Data scientists interested in classifying free form texts (such as pathology reports, clinical trials, abstracts, and so on).
Data scientists can train the provided untrained model on their own data, or use the trained model to classify the provided test samples. The provided scripts use pathology reports that has been downloaded from the Genomics Data Commons (GDC), converted to text format, cleaned, and preprocessed. Here is an example report.

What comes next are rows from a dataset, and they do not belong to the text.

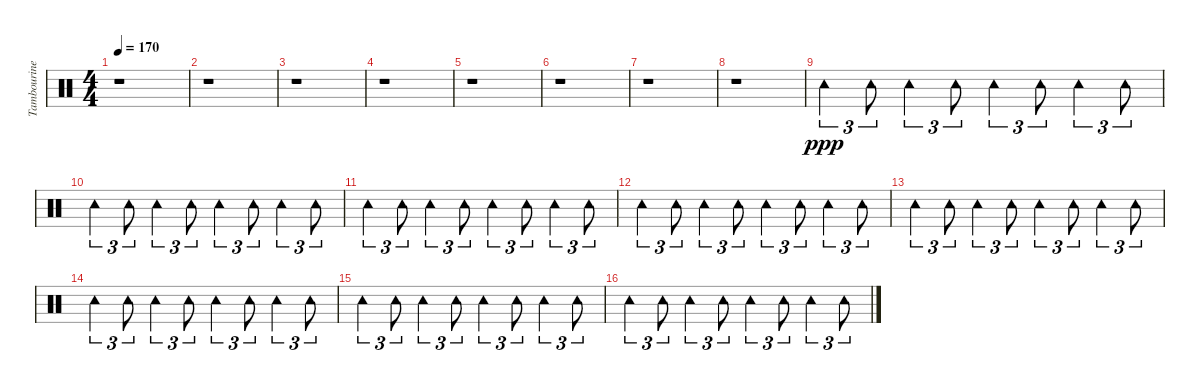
\track ("Tambourine" "Tambourine") {instrument percussion}
\staff {score}
\articulation defaults
\ts (4 4)
\tempo 170
\clef neutral
\ks c
r.1{dy ppp} |
r.1 |
r.1 |
r.1 |
r.1 |
r.1 |
r.1 |
r.1 |
"Tambourine (hit)".4{tu (3 2)} "Tambourine (hit)".8{tu (3 2)} "Tambourine (hit)".4{tu (3 2)} "Tambourine (hit)".8{tu (3 2)} "Tambourine (hit)".4{tu (3 2)} "Tambourine (hit)".8{tu (3 2)} "Tambourine (hit)".4{tu (3 2)} "Tambourine (hit)".8{tu (3 2)} |
"Tambourine (hit)".4{tu (3 2)} "Tambourine (hit)".8{tu (3 2)} "Tambourine (hit)".4{tu (3 2)} "Tambourine (hit)".8{tu (3 2)} "Tambourine (hit)".4{tu (3 2)} "Tambourine (hit)".8{tu (3 2)} "Tambourine (hit)".4{tu (3 2)} "Tambourine (hit)".8{tu (3 2)} |
"Tambourine (hit)".4{tu (3 2)} "Tambourine (hit)".8{tu (3 2)} "Tambourine (hit)".4{tu (3 2)} "Tambourine (hit)".8{tu (3 2)} "Tambourine (hit)".4{tu (3 2)} "Tambourine (hit)".8{tu (3 2)} "Tambourine (hit)".4{tu (3 2)} "Tambourine (hit)".8{tu (3 2)} |
"Tambourine (hit)".4{tu (3 2)} "Tambourine (hit)".8{tu (3 2)} "Tambourine (hit)".4{tu (3 2)} "Tambourine (hit)".8{tu (3 2)} "Tambourine (hit)".4{tu (3 2)} "Tambourine (hit)".8{tu (3 2)} "Tambourine (hit)".4{tu (3 2)} "Tambourine (hit)".8{tu (3 2)} |
"Tambourine (hit)".4{tu (3 2)} "Tambourine (hit)".8{tu (3 2)} "Tambourine (hit)".4{tu (3 2)} "Tambourine (hit)".8{tu (3 2)} "Tambourine (hit)".4{tu (3 2)} "Tambourine (hit)".8{tu (3 2)} "Tambourine (hit)".4{tu (3 2)} "Tambourine (hit)".8{tu (3 2)} |
"Tambourine (hit)".4{tu (3 2)} "Tambourine (hit)".8{tu (3 2)} "Tambourine (hit)".4{tu (3 2)} "Tambourine (hit)".8{tu (3 2)} "Tambourine (hit)".4{tu (3 2)} "Tambourine (hit)".8{tu (3 2)} "Tambourine (hit)".4{tu (3 2)} "Tambourine (hit)".8{tu (3 2)} |
"Tambourine (hit)".4{tu (3 2)} "Tambourine (hit)".8{tu (3 2)} "Tambourine (hit)".4{tu (3 2)} "Tambourine (hit)".8{tu (3 2)} "Tambourine (hit)".4{tu (3 2)} "Tambourine (hit)".8{tu (3 2)} "Tambourine (hit)".4{tu (3 2)} "Tambourine (hit)".8{tu (3 2)} |
"Tambourine (hit)".4{tu (3 2)} "Tambourine (hit)".8{tu (3 2)} "Tambourine (hit)".4{tu (3 2)} "Tambourine (hit)".8{tu (3 2)} "Tambourine (hit)".4{tu (3 2)} "Tambourine (hit)".8{tu (3 2)} "Tambourine (hit)".4{tu (3 2)} "Tambourine (hit)".8{tu (3 2)}
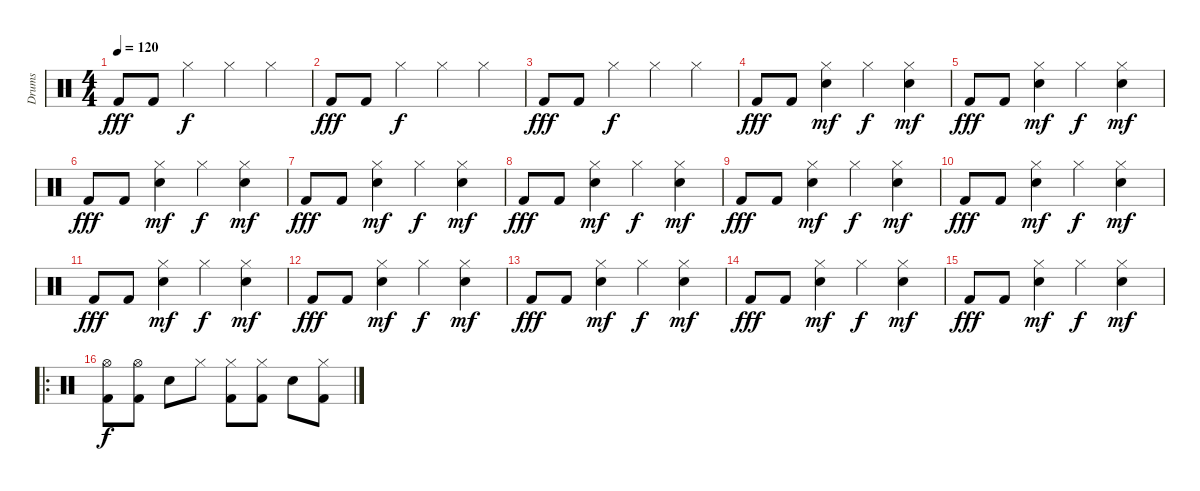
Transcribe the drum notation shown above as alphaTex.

\track ("Drums" "Drums") {instrument percussion}
\staff {score}
\articulation defaults
\ts (4 4)
\tempo 120
\clef neutral
\ks c "Kick (hit) 2".8{dy fff} "Kick (hit) 2".8 "Hi-Hat (closed)".4{dy f} "Hi-Hat (closed)".4 "Hi-Hat (closed)".4
|
"Kick (hit) 2".8{dy fff} "Kick (hit) 2".8 "Hi-Hat (closed)".4{dy f} "Hi-Hat (closed)".4 "Hi-Hat (closed)".4 |
"Kick (hit) 2".8{dy fff} "Kick (hit) 2".8 "Hi-Hat (closed)".4{dy f} "Hi-Hat (closed)".4 "Hi-Hat (closed)".4 |
"Kick (hit) 2".8{dy fff} "Kick (hit) 2".8 ("Hi-Hat (closed)" "Electric Snare (hit)").4{dy mf} "Hi-Hat (closed)".4{dy f} ("Hi-Hat (closed)" "Electric Snare (hit)").4{dy mf} |
"Kick (hit) 2".8{dy fff} "Kick (hit) 2".8 ("Hi-Hat (closed)" "Electric Snare (hit)").4{dy mf} "Hi-Hat (closed)".4{dy f} ("Hi-Hat (closed)" "Electric Snare (hit)").4{dy mf} |
"Kick (hit) 2".8{dy fff} "Kick (hit) 2".8 ("Hi-Hat (closed)" "Electric Snare (hit)").4{dy mf} "Hi-Hat (closed)".4{dy f} ("Hi-Hat (closed)" "Electric Snare (hit)").4{dy mf} |
"Kick (hit) 2".8{dy fff} "Kick (hit) 2".8 ("Hi-Hat (closed)" "Electric Snare (hit)").4{dy mf} "Hi-Hat (closed)".4{dy f} ("Hi-Hat (closed)" "Electric Snare (hit)").4{dy mf} |
"Kick (hit) 2".8{dy fff} "Kick (hit) 2".8 ("Hi-Hat (closed)" "Electric Snare (hit)").4{dy mf} "Hi-Hat (closed)".4{dy f} ("Hi-Hat (closed)" "Electric Snare (hit)").4{dy mf} |
"Kick (hit) 2".8{dy fff} "Kick (hit) 2".8 ("Hi-Hat (closed)" "Electric Snare (hit)").4{dy mf} "Hi-Hat (closed)".4{dy f} ("Hi-Hat (closed)" "Electric Snare (hit)").4{dy mf} |
"Kick (hit) 2".8{dy fff} "Kick (hit) 2".8 ("Hi-Hat (closed)" "Electric Snare (hit)").4{dy mf} "Hi-Hat (closed)".4{dy f} ("Hi-Hat (closed)" "Electric Snare (hit)").4{dy mf} |
"Kick (hit) 2".8{dy fff} "Kick (hit) 2".8 ("Hi-Hat (closed)" "Electric Snare (hit)").4{dy mf} "Hi-Hat (closed)".4{dy f} ("Hi-Hat (closed)" "Electric Snare (hit)").4{dy mf} |
"Kick (hit) 2".8{dy fff} "Kick (hit) 2".8 ("Hi-Hat (closed)" "Electric Snare (hit)").4{dy mf} "Hi-Hat (closed)".4{dy f} ("Hi-Hat (closed)" "Electric Snare (hit)").4{dy mf} |
"Kick (hit) 2".8{dy fff} "Kick (hit) 2".8 ("Hi-Hat (closed)" "Electric Snare (hit)").4{dy mf} "Hi-Hat (closed)".4{dy f} ("Hi-Hat (closed)" "Electric Snare (hit)").4{dy mf} |
"Kick (hit) 2".8{dy fff} "Kick (hit) 2".8 ("Hi-Hat (closed)" "Electric Snare (hit)").4{dy mf} "Hi-Hat (closed)".4{dy f} ("Hi-Hat (closed)" "Electric Snare (hit)").4{dy mf} |
"Kick (hit) 2".8{dy fff} "Kick (hit) 2".8 ("Hi-Hat (closed)" "Electric Snare (hit)").4{dy mf} "Hi-Hat (closed)".4{dy f} ("Hi-Hat (closed)" "Electric Snare (hit)").4{dy mf} |
\ro
("Hi-Hat (open)" "Kick (hit) 2").8{dy f} ("Hi-Hat (open)" "Kick (hit) 2").8 "Electric Snare (hit)".8 "Hi-Hat (closed)".8 ("Hi-Hat (closed)" "Kick (hit) 2").8 ("Hi-Hat (closed)" "Kick (hit) 2").8 "Electric Snare (hit)".8 ("Hi-Hat (closed)" "Kick (hit) 2").8

Classification of unstructured text is a classical problem in natural language processing. The community has developed state-of-the-art models like BERT, Bio-BERT, and Transformer. This model has the advantage of working on a relatively long report (that is, over 400 words) and shows robustness in terms of accuracy and speed with relatively small number of unstructured pathology reports.
The following components are in the Model and Data Clearinghouse (MoDaC):
- The ML Ready Pathology Reports dataset contains the original data used for training, validation, and testing.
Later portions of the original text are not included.